◆ Data
● ● ● ●

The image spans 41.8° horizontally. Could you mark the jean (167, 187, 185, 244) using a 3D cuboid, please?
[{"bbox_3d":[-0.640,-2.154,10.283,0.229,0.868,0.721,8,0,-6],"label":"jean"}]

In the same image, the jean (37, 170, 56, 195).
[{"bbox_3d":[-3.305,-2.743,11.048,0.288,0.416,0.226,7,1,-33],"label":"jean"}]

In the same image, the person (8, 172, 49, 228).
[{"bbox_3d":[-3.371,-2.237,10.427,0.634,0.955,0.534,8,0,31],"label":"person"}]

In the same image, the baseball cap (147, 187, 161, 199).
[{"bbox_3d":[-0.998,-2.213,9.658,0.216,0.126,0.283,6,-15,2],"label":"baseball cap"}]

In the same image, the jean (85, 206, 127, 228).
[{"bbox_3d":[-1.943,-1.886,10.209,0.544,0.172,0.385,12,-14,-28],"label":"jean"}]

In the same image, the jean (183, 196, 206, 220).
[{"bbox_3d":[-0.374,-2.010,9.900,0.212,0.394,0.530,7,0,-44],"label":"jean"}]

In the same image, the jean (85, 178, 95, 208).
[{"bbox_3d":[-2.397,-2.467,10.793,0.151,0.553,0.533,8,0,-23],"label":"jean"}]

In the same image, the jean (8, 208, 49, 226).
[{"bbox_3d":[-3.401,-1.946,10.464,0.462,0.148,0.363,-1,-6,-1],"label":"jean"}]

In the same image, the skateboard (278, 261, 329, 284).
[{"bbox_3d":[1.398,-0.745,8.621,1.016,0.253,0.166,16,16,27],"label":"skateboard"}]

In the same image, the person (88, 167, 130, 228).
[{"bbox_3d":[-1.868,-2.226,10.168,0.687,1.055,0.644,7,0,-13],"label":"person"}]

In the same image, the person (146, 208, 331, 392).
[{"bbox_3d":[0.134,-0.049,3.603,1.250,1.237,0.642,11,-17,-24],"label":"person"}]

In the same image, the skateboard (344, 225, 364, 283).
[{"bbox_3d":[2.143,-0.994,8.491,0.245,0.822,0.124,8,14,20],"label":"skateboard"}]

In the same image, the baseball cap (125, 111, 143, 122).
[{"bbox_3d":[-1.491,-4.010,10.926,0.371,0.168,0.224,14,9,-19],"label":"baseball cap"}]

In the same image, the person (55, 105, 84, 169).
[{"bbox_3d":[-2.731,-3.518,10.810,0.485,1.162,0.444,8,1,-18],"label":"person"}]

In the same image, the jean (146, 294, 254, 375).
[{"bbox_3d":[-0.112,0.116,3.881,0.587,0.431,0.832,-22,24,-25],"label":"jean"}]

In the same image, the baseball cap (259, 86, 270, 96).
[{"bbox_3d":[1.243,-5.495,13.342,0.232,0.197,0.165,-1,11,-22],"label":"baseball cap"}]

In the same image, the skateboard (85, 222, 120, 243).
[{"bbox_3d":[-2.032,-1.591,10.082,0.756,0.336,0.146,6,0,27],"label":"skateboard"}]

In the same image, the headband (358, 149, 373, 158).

● ● ● ●

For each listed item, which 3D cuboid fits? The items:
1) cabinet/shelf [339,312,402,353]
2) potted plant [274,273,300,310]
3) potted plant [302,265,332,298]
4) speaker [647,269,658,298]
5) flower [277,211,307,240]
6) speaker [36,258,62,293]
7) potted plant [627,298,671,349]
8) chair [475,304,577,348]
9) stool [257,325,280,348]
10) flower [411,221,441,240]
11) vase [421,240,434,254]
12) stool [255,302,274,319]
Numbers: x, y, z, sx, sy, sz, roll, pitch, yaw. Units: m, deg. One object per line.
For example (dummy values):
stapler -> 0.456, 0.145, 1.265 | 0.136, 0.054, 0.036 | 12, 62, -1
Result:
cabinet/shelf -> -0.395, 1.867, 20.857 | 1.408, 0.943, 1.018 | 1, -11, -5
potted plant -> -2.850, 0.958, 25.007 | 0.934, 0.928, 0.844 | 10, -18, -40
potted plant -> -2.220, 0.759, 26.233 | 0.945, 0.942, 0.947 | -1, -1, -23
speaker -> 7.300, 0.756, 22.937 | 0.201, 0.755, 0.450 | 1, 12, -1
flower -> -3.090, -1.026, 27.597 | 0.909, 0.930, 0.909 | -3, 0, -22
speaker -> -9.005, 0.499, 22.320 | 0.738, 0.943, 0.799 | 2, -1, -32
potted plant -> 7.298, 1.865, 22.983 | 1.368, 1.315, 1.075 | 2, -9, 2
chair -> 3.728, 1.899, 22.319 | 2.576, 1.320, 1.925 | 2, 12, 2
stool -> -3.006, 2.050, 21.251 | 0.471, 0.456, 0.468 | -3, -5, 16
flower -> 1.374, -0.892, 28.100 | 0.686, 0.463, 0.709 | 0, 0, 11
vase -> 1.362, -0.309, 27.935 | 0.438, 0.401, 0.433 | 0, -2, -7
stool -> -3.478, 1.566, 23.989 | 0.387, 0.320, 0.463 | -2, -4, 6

● ● ● ●

◆ Exercise description
Restate word for word the lines of the data above, starting at the line containing "In the same image, the baseball cap (125, 111, 143, 122)." and ending at the line containing "In the same image, the headband", both included, and nothing more.

◆ Answer area
In the same image, the baseball cap (125, 111, 143, 122).
[{"bbox_3d":[-1.491,-4.010,10.926,0.371,0.168,0.224,14,9,-19],"label":"baseball cap"}]

In the same image, the person (55, 105, 84, 169).
[{"bbox_3d":[-2.731,-3.518,10.810,0.485,1.162,0.444,8,1,-18],"label":"person"}]

In the same image, the jean (146, 294, 254, 375).
[{"bbox_3d":[-0.112,0.116,3.881,0.587,0.431,0.832,-22,24,-25],"label":"jean"}]

In the same image, the baseball cap (259, 86, 270, 96).
[{"bbox_3d":[1.243,-5.495,13.342,0.232,0.197,0.165,-1,11,-22],"label":"baseball cap"}]

In the same image, the skateboard (85, 222, 120, 243).
[{"bbox_3d":[-2.032,-1.591,10.082,0.756,0.336,0.146,6,0,27],"label":"skateboard"}]

In the same image, the headband (358, 149, 373, 158).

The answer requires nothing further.